Copy the lines below exactly, starting at the one with "In one or two" and ending at the one with "expense net<fcel>Foreign currency", and leave out any picture.

### Dataset entries
──────────────────────────────

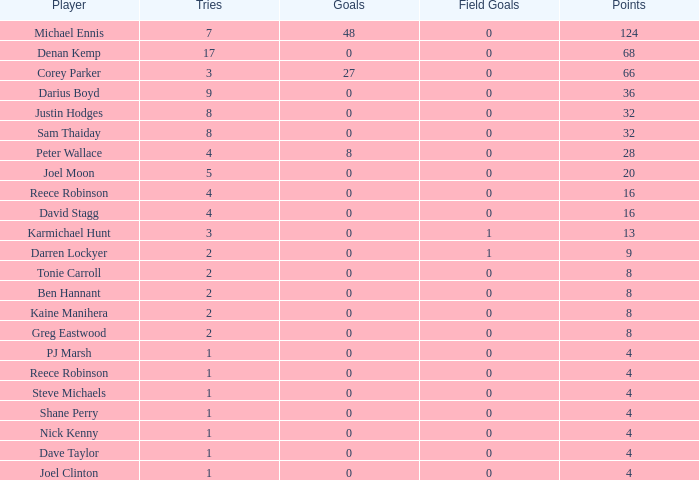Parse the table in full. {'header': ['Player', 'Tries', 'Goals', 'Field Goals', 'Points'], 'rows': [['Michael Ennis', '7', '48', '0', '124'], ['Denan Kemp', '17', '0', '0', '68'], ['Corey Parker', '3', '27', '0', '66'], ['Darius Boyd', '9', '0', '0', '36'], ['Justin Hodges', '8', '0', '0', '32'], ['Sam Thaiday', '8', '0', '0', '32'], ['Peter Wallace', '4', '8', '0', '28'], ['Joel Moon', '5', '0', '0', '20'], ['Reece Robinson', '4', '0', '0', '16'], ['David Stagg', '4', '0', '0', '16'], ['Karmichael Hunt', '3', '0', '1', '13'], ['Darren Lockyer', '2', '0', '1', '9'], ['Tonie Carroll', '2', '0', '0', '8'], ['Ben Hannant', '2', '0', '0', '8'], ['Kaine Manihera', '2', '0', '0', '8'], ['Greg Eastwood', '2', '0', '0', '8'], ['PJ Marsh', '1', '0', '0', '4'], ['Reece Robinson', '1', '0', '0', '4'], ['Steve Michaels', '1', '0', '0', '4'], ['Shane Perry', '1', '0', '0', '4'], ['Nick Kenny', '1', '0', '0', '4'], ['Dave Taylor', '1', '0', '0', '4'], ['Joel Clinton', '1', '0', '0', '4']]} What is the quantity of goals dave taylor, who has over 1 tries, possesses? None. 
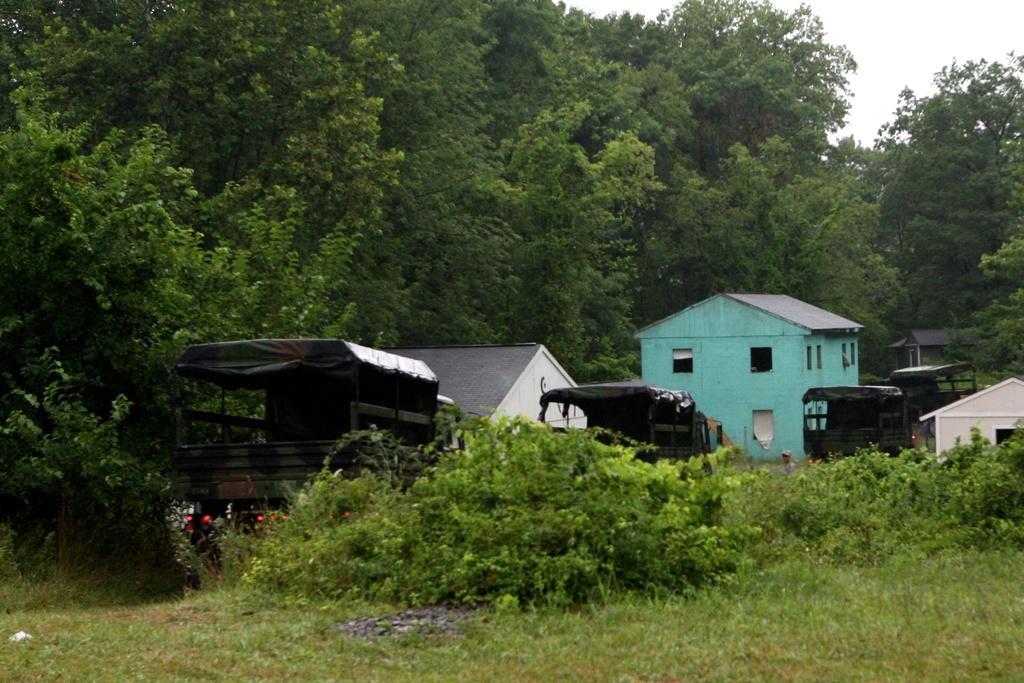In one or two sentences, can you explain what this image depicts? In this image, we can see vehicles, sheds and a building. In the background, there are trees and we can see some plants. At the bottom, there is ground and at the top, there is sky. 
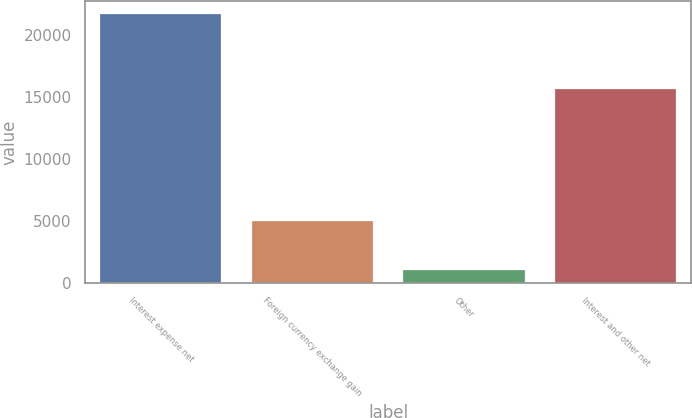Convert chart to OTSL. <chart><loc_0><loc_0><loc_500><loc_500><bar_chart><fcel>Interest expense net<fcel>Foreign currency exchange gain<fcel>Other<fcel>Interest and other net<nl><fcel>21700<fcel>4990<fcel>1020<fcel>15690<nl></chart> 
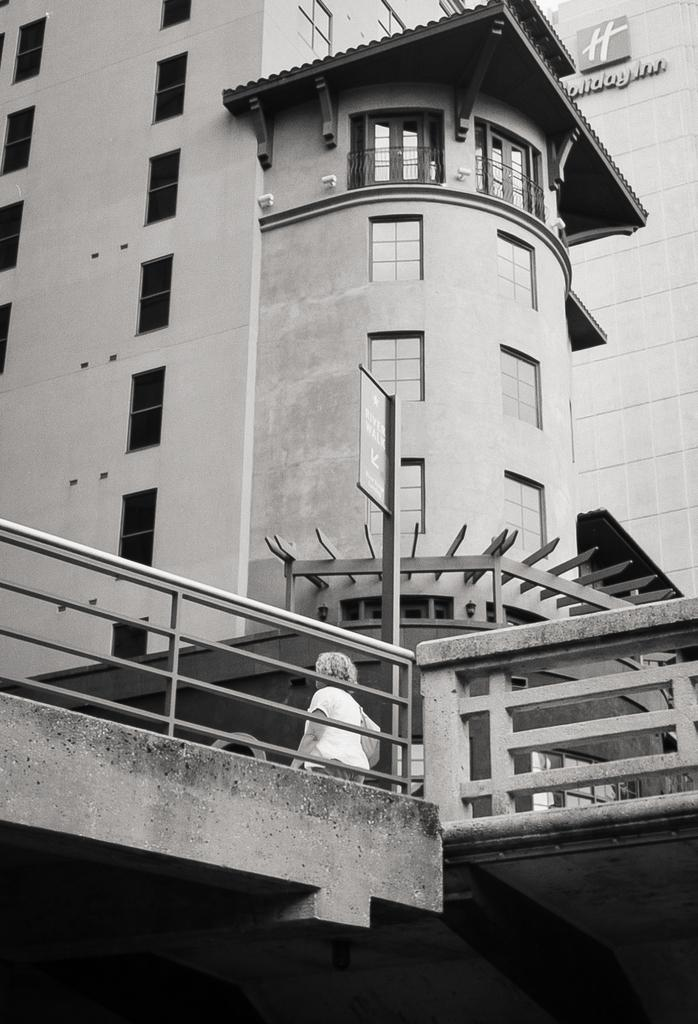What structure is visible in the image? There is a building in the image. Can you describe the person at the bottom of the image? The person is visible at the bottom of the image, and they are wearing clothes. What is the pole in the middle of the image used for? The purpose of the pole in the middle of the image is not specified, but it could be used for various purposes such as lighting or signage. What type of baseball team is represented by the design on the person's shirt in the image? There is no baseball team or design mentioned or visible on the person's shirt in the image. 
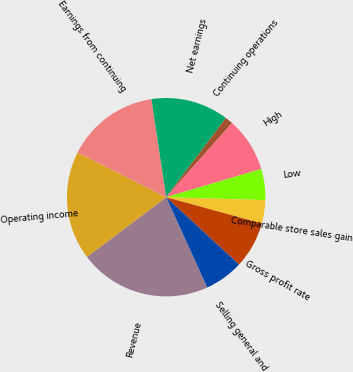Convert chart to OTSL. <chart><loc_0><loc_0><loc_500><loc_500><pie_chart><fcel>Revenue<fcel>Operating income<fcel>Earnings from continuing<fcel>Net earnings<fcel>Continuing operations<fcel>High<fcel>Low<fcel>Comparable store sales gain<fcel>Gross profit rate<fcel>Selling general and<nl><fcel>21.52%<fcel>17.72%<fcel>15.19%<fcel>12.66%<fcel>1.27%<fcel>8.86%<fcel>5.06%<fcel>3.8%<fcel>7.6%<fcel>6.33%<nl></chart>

──────────────────────────────

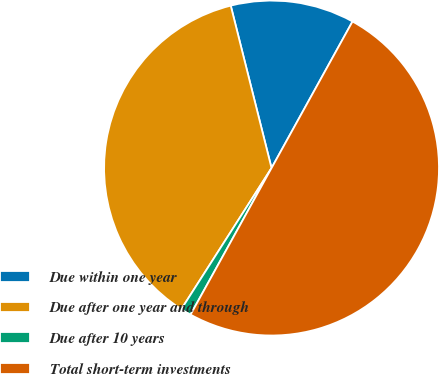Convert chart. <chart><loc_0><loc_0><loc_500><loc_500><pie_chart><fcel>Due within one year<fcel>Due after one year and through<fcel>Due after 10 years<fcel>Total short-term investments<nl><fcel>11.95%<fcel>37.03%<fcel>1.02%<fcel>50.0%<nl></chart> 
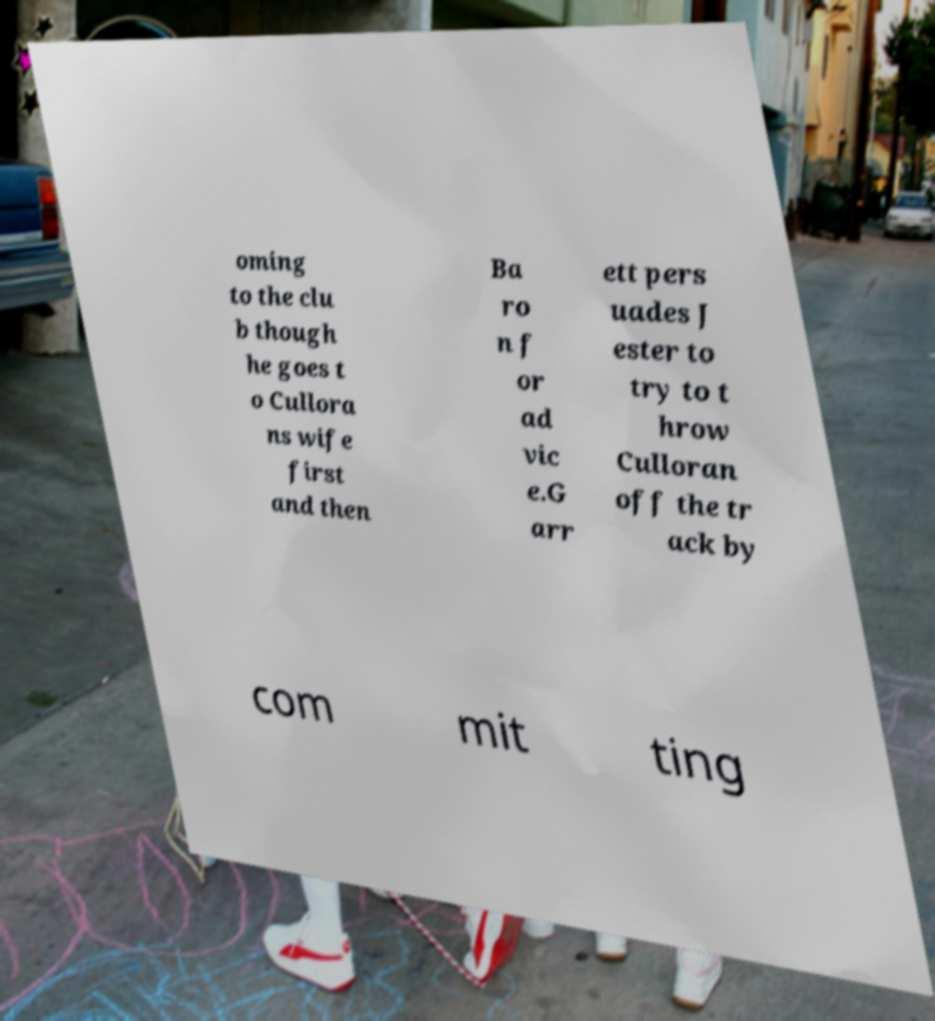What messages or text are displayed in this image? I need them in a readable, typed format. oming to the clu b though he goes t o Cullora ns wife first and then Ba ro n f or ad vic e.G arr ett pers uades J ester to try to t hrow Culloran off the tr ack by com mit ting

──────────────────────────────

### Response
In one or two sentences, can you explain what this image depicts? In this image, we can see vehicles, sheds and a building. In the background, there are trees and we can see some plants. At the bottom, there is ground and at the top, there is sky. 
Convert chart to OTSL. <chart><loc_0><loc_0><loc_500><loc_500><bar_chart><fcel>Interest expense net<fcel>Foreign currency exchange gain<fcel>Other<fcel>Interest and other net<nl><fcel>21700<fcel>4990<fcel>1020<fcel>15690<nl></chart> 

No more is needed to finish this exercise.